Innovative mechanisms have been demanded to ensure up to $200bn (£130bn) is spent every year from 2035 on protecting global assets from the effects of climate change.
A report by engineering consultants Mott MacDonald said governments alone would be unable to fund the huge number of projects required as weather became more extreme.
Heatwaves, cyclones, droughts and floods will increase in frequency and intensity, wreaking havoc with vital infrastructure and having a knock-on effect on supply chains around the world, it warned.
Climate Change and Business Survival said the global economy could suffer $1trn in annual losses directly related to changing conditions within 20 years.
It said 20% of this figure should be dealt with as residual – to be picked up by businesses, insurance companies and society.
But expenditure of $200bn per year would be needed to create projects that could effectively eliminate the remaining $800bn of potential losses, according to Mott MacDonald.
“Key challenges are the allocation and management of risk and creating connectivity between the resilience planning and investment of multiple players,” said the report.
“New funding mechanisms are needed so governments, international institutions and the private sector can pool resources, and share and manage risk.
“Public and private sectors need to explore many more opportunities to mix funding, with governments acting to prevent loss of common services with perceived low economic value but high social or ecological value.”
The report warned that if solutions could not be found, governments may have to impose climate change resilience taxes.
“Private sector organisations need to step up to the plate, being mindful that if they are not proactive in addressing the resilience funding gap, governments will have no choice but to impose purpose designed resilience levies,” it said.

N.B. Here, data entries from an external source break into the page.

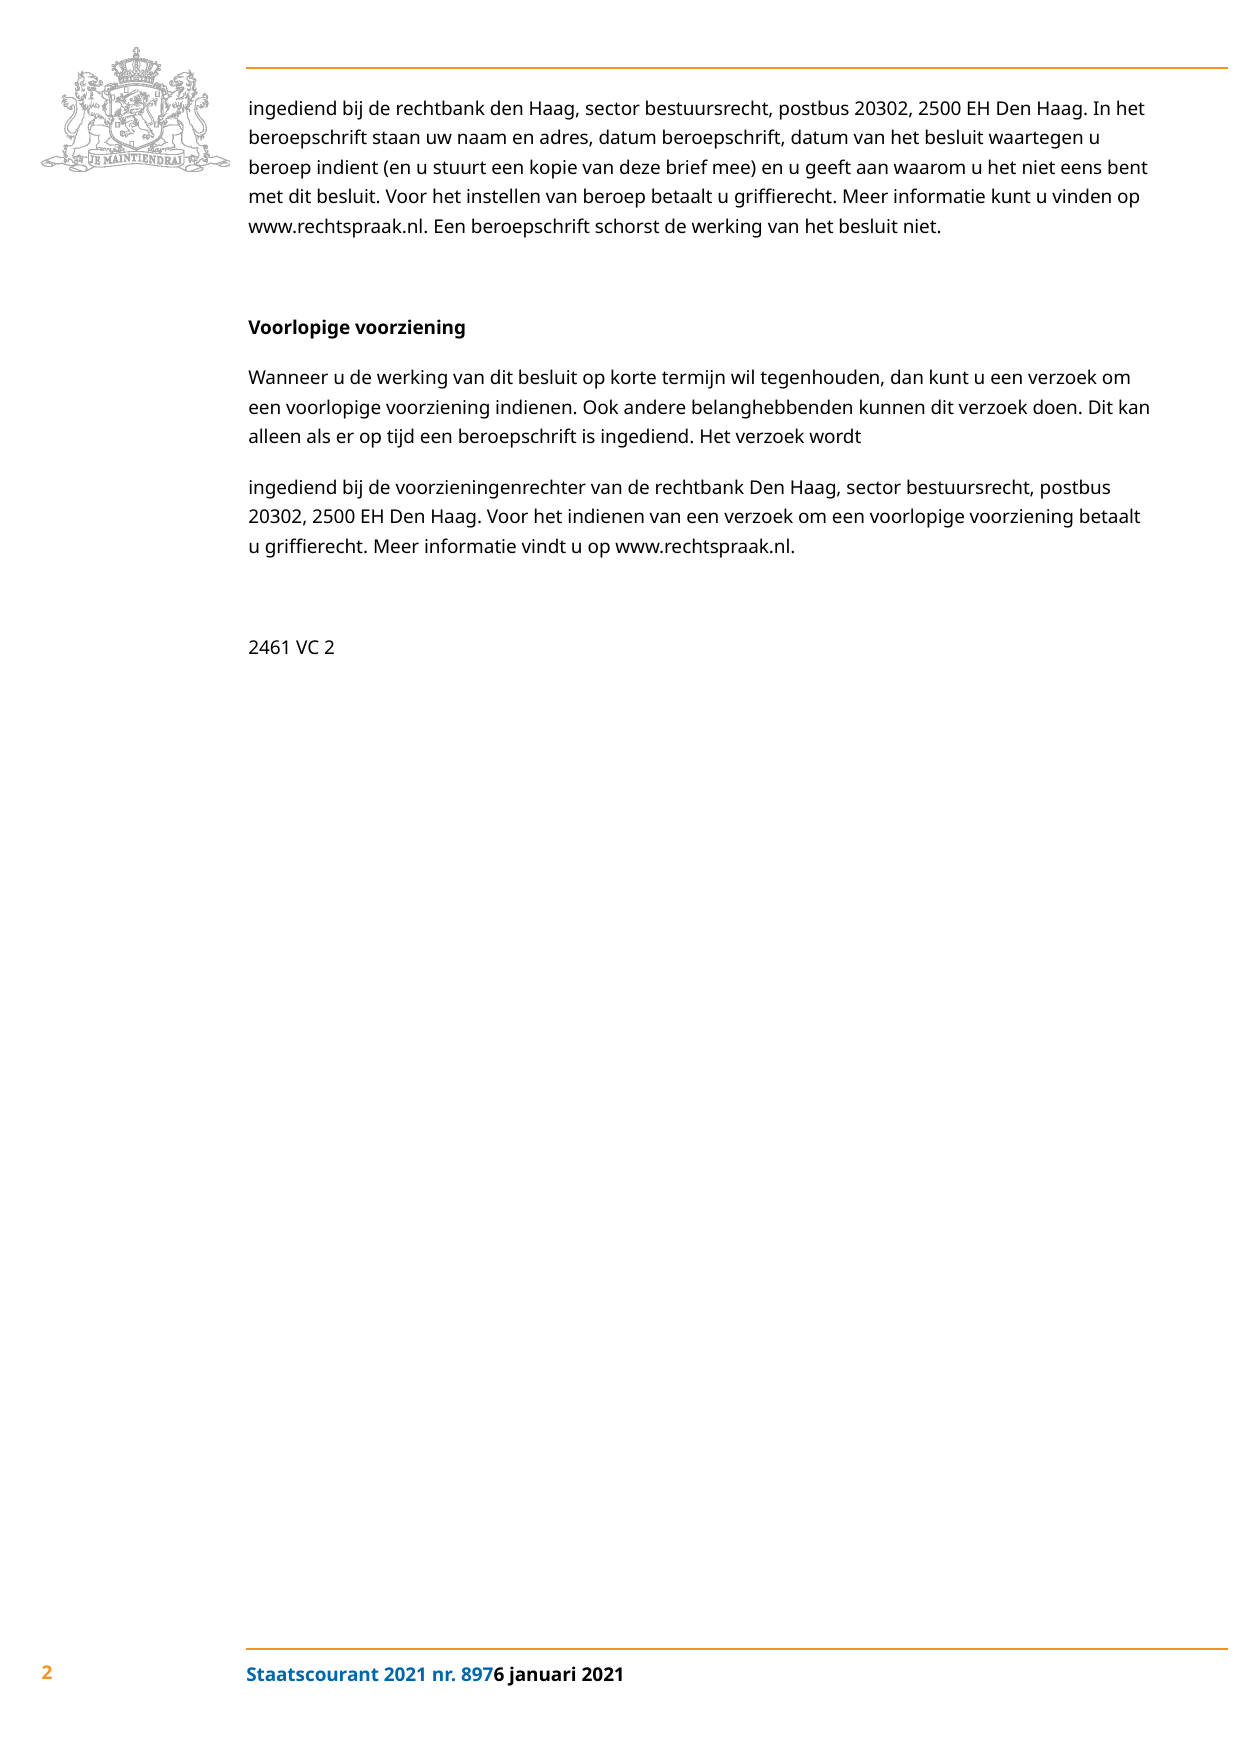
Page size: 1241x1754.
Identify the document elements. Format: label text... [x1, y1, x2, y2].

text ingediend bij de rechtbank den Haag, sector bestuursrecht, postbus 20302, 2500 EH Den Haag. In het beroepschrift staan uw naam en adres, datum beroepschrift, datum van het besluit waartegen u beroep indient (en u stuurt een kopie van deze brief mee) en u geeft aan waarom u het niet eens bent met dit besluit. Voor het instellen van beroep betaalt u griffierecht. Meer informatie kunt u vinden op www.rechtspraak.nl. Een beroepschrift schorst de werking van het besluit niet. [248, 95, 1152, 239]
text 2461 VC 2 [248, 634, 1152, 660]
text Wanneer u de werking van dit besluit op korte termijn wil tegenhouden, dan kunt u een verzoek om een voorlopige voorziening indienen. Ook andere belanghebbenden kunnen dit verzoek doen. Dit kan alleen als er op tijd een beroepschrift is ingediend. Het verzoek wordt [248, 364, 1152, 449]
picture [41, 47, 231, 172]
text ingediend bij de voorzieningenrechter van de rechtbank Den Haag, sector bestuursrecht, postbus 20302, 2500 EH Den Haag. Voor het indienen van een verzoek om een voorlopige voorziening betaalt u griffierecht. Meer informatie vindt u op www.rechtspraak.nl. [248, 474, 1152, 559]
text Voorlopige voorziening [248, 314, 1152, 340]
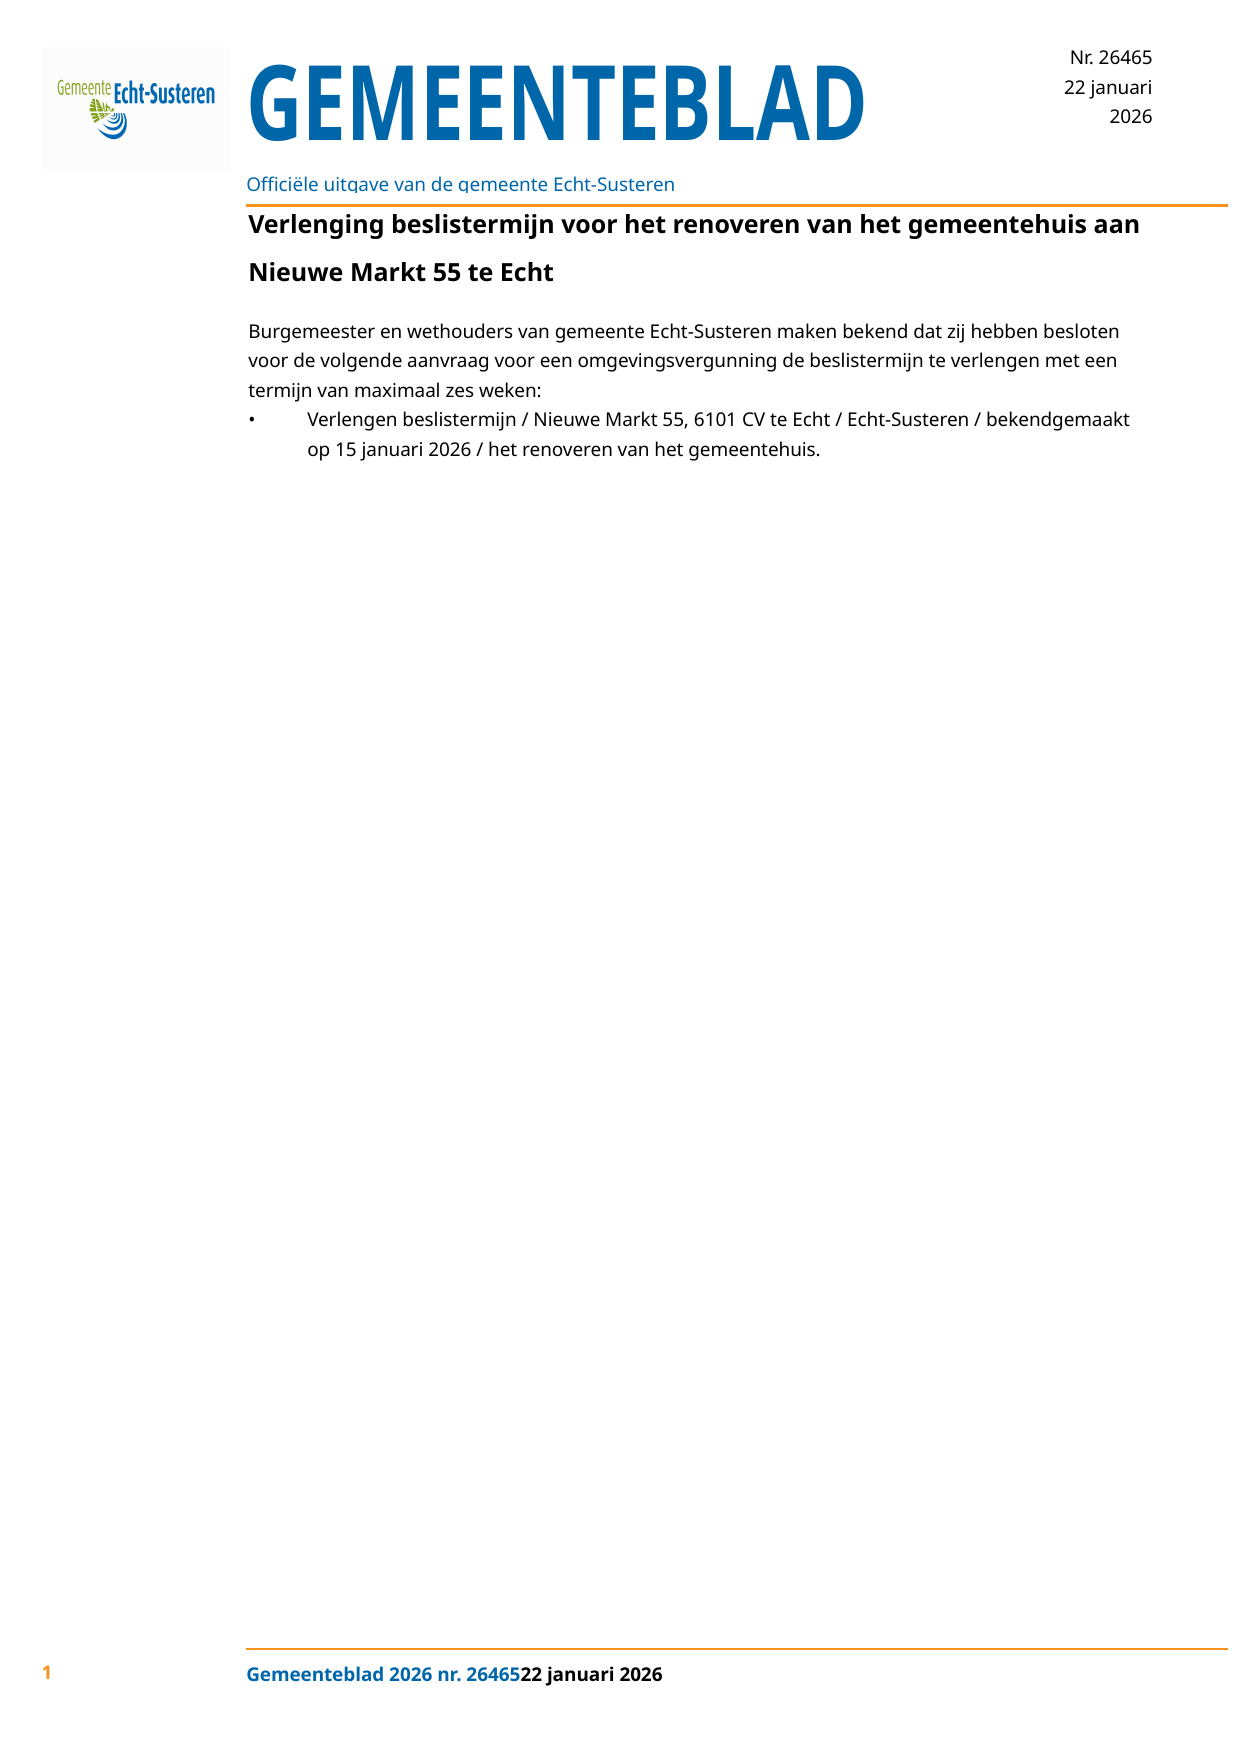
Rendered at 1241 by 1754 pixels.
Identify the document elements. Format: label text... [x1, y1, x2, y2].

text Verlenging beslistermijn voor het renoveren van het gemeentehuis aan Nieuwe Markt 55 te Echt [248, 207, 1152, 288]
picture [41, 47, 231, 172]
list Verlengen beslistermijn / Nieuwe Markt 55, 6101 CV te Echt / Echt-Susteren / bekendgemaakt op 15 januari 2026 / het renoveren van het gemeentehuis. [248, 407, 1152, 462]
text Burgemeester en wethouders van gemeente Echt-Susteren maken bekend dat zij hebben besloten voor de volgende aanvraag voor een omgevingsvergunning de beslistermijn te verlengen met een termijn van maximaal zes weken: [248, 318, 1152, 403]

Ian Allison, Mott MacDonald head of climate resilience as well as one of five report authors, told NCE much of the $200bn required each year would go on retrofitting existing infrastructure to make it suitable for future weather conditions, alongside designing resilience into new infrastructure.
“It is highly unlikely we can invest our way out of the impact of climate change,” Allison said. “We need to invest in making sure businesses are resilient in terms of withstanding extreme weather and recovering quickly from such events.”
This could mean making waste water treatment plants less likely to flood, for example, or it could mean relocating vital parts of the plant higher above sea level so the plant can be active again sooner after a flood.
The aim, where possible, is not to build defences to protect existing infrastructure, but to make the assets themselves more resilient.
The effects of damaged infrastructure can be extremely costly, the report said, with the relatively minor destruction of rail line in Dawlish, Devon, in storms last year (pictured) leading to more than £1bn of economic loss as a vital transport link was cut off.
Allison said he hoped the report would contribute to an ongoing debate about dealing with the impacts of climate change in the run up to the United Nations Climate Change Conference in Paris at the end of this year.
“A key theme in Paris will be mobilising private sector support,” said Allison.
“We are not the only ones talking about this. We can see that key [business leaders] are thinking that the private sector will have to shoulder more of the burden.
“We understand from talks with insurance brokers and finance companies that there is no shortage of investment capability.”
The report called for policy, finance, insurance and investment experts to come together to explore and develop innovative financial mechanisms to encourage private sector investment in resilience projects.
It added that the government should make climate resilience a planning requirement for infrastructure projects.